Proton pump inhibitors increase fracture risk

So says an article in The New York Times. We have talked about this on Bone Architect before, but I guess additional studies are ongoing, and each one adds to the pile of proof that some acid reflux medications are very, very bad for bones. The article states that the increased fracture risk does not apply to older acid-reflux medications called histamine-2 receptor antagonists.

Just how much does PPI (Proton Pump Inhibitor) use increase fracture risk? Twenty-nine whopping percent. Meaning you’re almost a third more likely to fracture if you’re using PPIs.

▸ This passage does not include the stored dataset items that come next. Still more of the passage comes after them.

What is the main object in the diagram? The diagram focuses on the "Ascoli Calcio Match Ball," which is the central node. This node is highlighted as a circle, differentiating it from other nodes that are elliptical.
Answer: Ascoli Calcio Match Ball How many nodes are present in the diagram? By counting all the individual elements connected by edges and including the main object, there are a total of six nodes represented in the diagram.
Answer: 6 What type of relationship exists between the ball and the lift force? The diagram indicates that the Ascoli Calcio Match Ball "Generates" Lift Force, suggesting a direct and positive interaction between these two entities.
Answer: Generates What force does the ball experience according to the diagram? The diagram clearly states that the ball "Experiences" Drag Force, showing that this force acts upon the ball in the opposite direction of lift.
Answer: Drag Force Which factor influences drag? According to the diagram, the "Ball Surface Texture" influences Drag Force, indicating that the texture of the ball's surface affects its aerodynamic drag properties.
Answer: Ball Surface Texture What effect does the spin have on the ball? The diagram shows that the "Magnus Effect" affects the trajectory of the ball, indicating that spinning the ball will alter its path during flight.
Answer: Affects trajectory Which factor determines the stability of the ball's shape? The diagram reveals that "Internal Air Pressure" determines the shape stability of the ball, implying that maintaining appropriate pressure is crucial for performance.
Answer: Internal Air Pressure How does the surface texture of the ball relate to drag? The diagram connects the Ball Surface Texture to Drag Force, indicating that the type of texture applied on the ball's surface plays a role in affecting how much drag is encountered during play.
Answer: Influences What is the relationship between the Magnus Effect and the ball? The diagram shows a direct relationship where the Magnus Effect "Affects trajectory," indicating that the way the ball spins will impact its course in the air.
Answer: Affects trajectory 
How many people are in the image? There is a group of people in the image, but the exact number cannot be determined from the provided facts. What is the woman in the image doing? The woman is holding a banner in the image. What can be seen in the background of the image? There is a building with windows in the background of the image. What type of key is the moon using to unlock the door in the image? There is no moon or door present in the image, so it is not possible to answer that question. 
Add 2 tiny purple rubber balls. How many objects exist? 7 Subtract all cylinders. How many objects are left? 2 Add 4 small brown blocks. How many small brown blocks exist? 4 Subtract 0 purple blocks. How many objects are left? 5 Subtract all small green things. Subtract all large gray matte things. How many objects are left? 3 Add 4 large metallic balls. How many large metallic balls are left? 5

People on long-term PPI use had a 30% higher chance of fracturing, and people on higher doses were — take a deep breath – 53% more likely to fracture. Holy broken femur, Batman!

It is believed that PPIs interfere with the intestine’s ability to absorb calcium.

By the way, there were some studies back in 2005 that showed acupuncture was effective at reducing acid reflux by 40%. Insurance often covers acupuncture. Perhaps give it a shot?

Coffee drinking; it’s genetic.

According to this study. See? I can’t help it! I was born this way!

Get the lead out!

Our dear Pam sent me a link today to an article reporting on the association between lead exposure and osteoporosis. They’re connected.

Evidently to your body, lead and calcium look a lot a like. So your body absorbs the lead and the lead in turn kicks out the calcium. 95 percent of the lead we have in our bodies is stored in our bones. And once it’s in there, it takes as long as 25 years to get it out. The article says doctors were slow to figure out that lead was a danger to bone health because pre-DEXAs, physicians used to measure bone health with x-rays. And because lead is denser and x-rays don’t pass through lead as easily, the lead-laden-osteoporotic bones did a bang-up job of looking like perfectly healthy bones when they were x-rayed.

But besides lead doing a “body snatchers” number on your calcium, there’s more:

…[T]he team’s most significant discovery has to do with a gene known as sclerostin and its ability to permit lead to cause bone loss.

Sclerostin is a potent inhibitor of bone formation: it keeps bone growth in check. But when lead interferes with this inhibitor, Puza says, something dramatic occurs.

“Lead exposure in the laboratory, in animals, and in humans drives sclerostin levels sky high,” he says. “If lead stimulates sclerostin and sclerostin is an inhibitor of bone formation, that’s probably preventing the normal bone from being formed. And that’s why over time you end up with not enough bone formation and a low bone mass.”

A drug that blocks sclerostin is being studied, Puzas says, which might help treat lead-related osteoporosis, but more research is needed.

Ugh. I think I mentioned our apartment building was sold to a new manager-developer. He’s got some crew in there ripping apart every vacant unit, and combining units, etc. But he’s doing everything on the cheap, so his crew isn’t exactly in the NYC Health & Safety Construction Crew of the Year book. There is dust flying everywhere. We’re pretty sure it’s loaded with asbestos because of the age of the building. So up until now I’ve been worried about lung cancer. Guess I’d better add osteoporosis via lead poisoning to the list as well. Should I start undergoing chelation? Or just eat a lot of broccoli?

By the way, the darker (or whiter) lines on the x-ray above are where the lead settled into the bones. Scary, huh?